After a few seconds, during which neither of them broke the silence, she
seemed to understand that the reproof was over, and she quietly quitted
the room.
The man pushed the door to violently with his foot, and said in an accent
of angry scorn, "That is what is now called a wife."
Well, we have reached the mystery: we have found that it was a crime.
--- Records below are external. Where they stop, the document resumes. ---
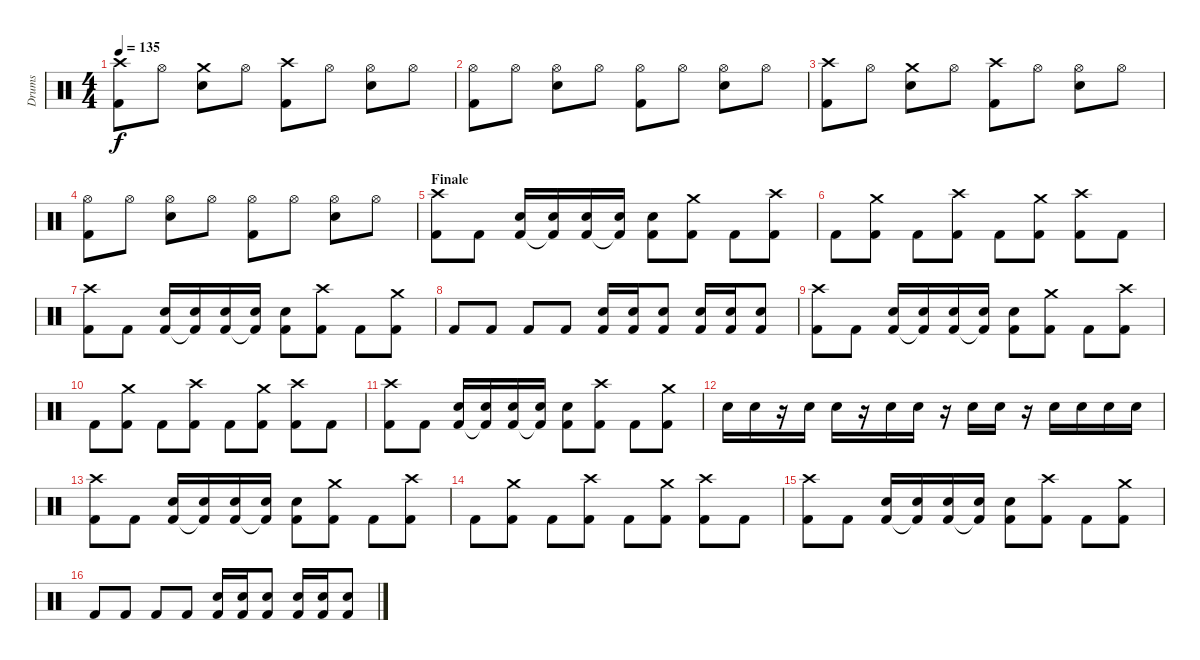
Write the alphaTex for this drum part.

\track ("Drums" "Drums") {instrument percussion}
\staff {score}
\articulation defaults
\ts (4 4)
\tempo 135
\clef neutral
\ks c
("Crash high (hit)" "Kick (hit) 2").8{dy f} "Hi-Hat (open)".8 ("Crash medium (hit)" "Snare (hit) 2").8 "Hi-Hat (open)".8 ("Crash high (hit)" "Kick (hit) 2").8 "Hi-Hat (open)".8 ("Hi-Hat (open)" "Snare (hit) 2").8 "Hi-Hat (open)".8 |
("Hi-Hat (open)" "Kick (hit) 2").8 "Hi-Hat (open)".8 ("Hi-Hat (open)" "Snare (hit) 2").8 "Hi-Hat (open)".8 ("Hi-Hat (open)" "Kick (hit) 2").8 "Hi-Hat (open)".8 ("Hi-Hat (open)" "Snare (hit) 2").8 "Hi-Hat (open)".8 |
("Crash high (hit)" "Kick (hit) 2").8 "Hi-Hat (open)".8 ("Crash medium (hit)" "Snare (hit) 2").8 "Hi-Hat (open)".8 ("Crash high (hit)" "Kick (hit) 2").8 "Hi-Hat (open)".8 ("Hi-Hat (open)" "Snare (hit) 2").8 "Hi-Hat (open)".8 |
("Hi-Hat (open)" "Kick (hit) 2").8 "Hi-Hat (open)".8 ("Hi-Hat (open)" "Snare (hit) 2").8 "Hi-Hat (open)".8 ("Hi-Hat (open)" "Kick (hit) 2").8 "Hi-Hat (open)".8 ("Hi-Hat (open)" "Snare (hit) 2").8 "Hi-Hat (open)".8 |
\section ("" "Finale")
("Crash high (hit)" "Kick (hit) 2").8 "Kick (hit) 2".8 ("Snare (hit) 2" "Kick (hit) 2").16 ("Snare (hit) 2" "Kick (hit) 2"{t}).16 ("Snare (hit) 2" "Kick (hit) 2").16 ("Snare (hit) 2" "Kick (hit) 2"{t}).16 ("Snare (hit) 2" "Kick (hit) 2").8 ("Crash medium (hit)" "Kick (hit) 2").8 "Kick (hit) 2".8 ("Crash high (hit)" "Kick (hit) 2").8 |
"Kick (hit) 2".8 ("Crash medium (hit)" "Kick (hit) 2").8 "Kick (hit) 2".8 ("Crash high (hit)" "Kick (hit) 2").8 "Kick (hit) 2".8 ("Crash medium (hit)" "Kick (hit) 2").8 ("Crash high (hit)" "Kick (hit) 2").8 "Kick (hit) 2".8 |
("Crash high (hit)" "Kick (hit) 2").8 "Kick (hit) 2".8 ("Snare (hit) 2" "Kick (hit) 2").16 ("Snare (hit) 2" "Kick (hit) 2"{t}).16 ("Snare (hit) 2" "Kick (hit) 2").16 ("Snare (hit) 2" "Kick (hit) 2"{t}).16 ("Snare (hit) 2" "Kick (hit) 2").8 ("Crash high (hit)" "Kick (hit) 2").8 "Kick (hit) 2".8 ("Crash medium (hit)" "Kick (hit) 2").8 |
"Kick (hit) 2".8 "Kick (hit) 2".8 "Kick (hit) 2".8 "Kick (hit) 2".8 ("Snare (hit) 2" "Kick (hit) 2").16 ("Snare (hit) 2" "Kick (hit) 2").16 ("Snare (hit) 2" "Kick (hit) 2").8 ("Snare (hit) 2" "Kick (hit) 2").16 ("Snare (hit) 2" "Kick (hit) 2").16 ("Snare (hit) 2" "Kick (hit) 2").8 |
("Crash high (hit)" "Kick (hit) 2").8 "Kick (hit) 2".8 ("Snare (hit) 2" "Kick (hit) 2").16 ("Snare (hit) 2" "Kick (hit) 2"{t}).16 ("Snare (hit) 2" "Kick (hit) 2").16 ("Snare (hit) 2" "Kick (hit) 2"{t}).16 ("Snare (hit) 2" "Kick (hit) 2").8 ("Crash medium (hit)" "Kick (hit) 2").8 "Kick (hit) 2".8 ("Crash high (hit)" "Kick (hit) 2").8 |
"Kick (hit) 2".8 ("Crash medium (hit)" "Kick (hit) 2").8 "Kick (hit) 2".8 ("Crash high (hit)" "Kick (hit) 2").8 "Kick (hit) 2".8 ("Crash medium (hit)" "Kick (hit) 2").8 ("Crash high (hit)" "Kick (hit) 2").8 "Kick (hit) 2".8 |
("Crash high (hit)" "Kick (hit) 2").8 "Kick (hit) 2".8 ("Snare (hit) 2" "Kick (hit) 2").16 ("Snare (hit) 2" "Kick (hit) 2"{t}).16 ("Snare (hit) 2" "Kick (hit) 2").16 ("Snare (hit) 2" "Kick (hit) 2"{t}).16 ("Snare (hit) 2" "Kick (hit) 2").8 ("Crash high (hit)" "Kick (hit) 2").8 "Kick (hit) 2".8 ("Crash medium (hit)" "Kick (hit) 2").8 |
"Snare (hit) 2".16 "Snare (hit) 2".16 r.16 "Snare (hit) 2".16 "Snare (hit) 2".16 r.16 "Snare (hit) 2".16 "Snare (hit) 2".16 r.16 "Snare (hit) 2".16 "Snare (hit) 2".16 r.16 "Snare (hit) 2".16 "Snare (hit) 2".16 "Snare (hit) 2".16 "Snare (hit) 2".16 |
("Crash high (hit)" "Kick (hit) 2").8 "Kick (hit) 2".8 ("Snare (hit) 2" "Kick (hit) 2").16 ("Snare (hit) 2" "Kick (hit) 2"{t}).16 ("Snare (hit) 2" "Kick (hit) 2").16 ("Snare (hit) 2" "Kick (hit) 2"{t}).16 ("Snare (hit) 2" "Kick (hit) 2").8 ("Crash medium (hit)" "Kick (hit) 2").8 "Kick (hit) 2".8 ("Crash high (hit)" "Kick (hit) 2").8 |
"Kick (hit) 2".8 ("Crash medium (hit)" "Kick (hit) 2").8 "Kick (hit) 2".8 ("Crash high (hit)" "Kick (hit) 2").8 "Kick (hit) 2".8 ("Crash medium (hit)" "Kick (hit) 2").8 ("Crash high (hit)" "Kick (hit) 2").8 "Kick (hit) 2".8 |
("Crash high (hit)" "Kick (hit) 2").8 "Kick (hit) 2".8 ("Snare (hit) 2" "Kick (hit) 2").16 ("Snare (hit) 2" "Kick (hit) 2"{t}).16 ("Snare (hit) 2" "Kick (hit) 2").16 ("Snare (hit) 2" "Kick (hit) 2"{t}).16 ("Snare (hit) 2" "Kick (hit) 2").8 ("Crash high (hit)" "Kick (hit) 2").8 "Kick (hit) 2".8 ("Crash medium (hit)" "Kick (hit) 2").8 |
"Kick (hit) 2".8 "Kick (hit) 2".8 "Kick (hit) 2".8 "Kick (hit) 2".8 ("Snare (hit) 2" "Kick (hit) 2").16 ("Snare (hit) 2" "Kick (hit) 2").16 ("Snare (hit) 2" "Kick (hit) 2").8 ("Snare (hit) 2" "Kick (hit) 2").16 ("Snare (hit) 2" "Kick (hit) 2").16 ("Snare (hit) 2" "Kick (hit) 2").8

In the working of social laws there occur countless cases of individual
hardship. The institution of marriage is as beneficent as the element of
fire; yet, like that, it sometimes tortures when it should only have
comforted.
The sufferer, if a woman, usually bears her smart tamely--with more or
less domestic fretting and private weeping indeed, but without violent
effort to escape from her bed of embers. Divorce is public, ugly and
brutal: her sensibility revolts from it. Moreover, mere unhappiness, mere
disappointment of the affections, does not establish a claim for legal
separation. Finally, there is woman's difficulty of self-maintenance--the
fact that her labor will not in general give her both comfort and
position.
What then? Unloved, unable to love, yet with an intense desire for
affection, and an immense capacity for granting it, her heart is tempted
to wander beyond the circle of her duty. A flattering shape approaches her
dungeon-walls; a voice calls to her to come forth and be glad, if only for
a moment; there seems to be a chance of winning the adoration which has
been her whole life's desire; there is an opportunity of using the
emotions which are burning within her.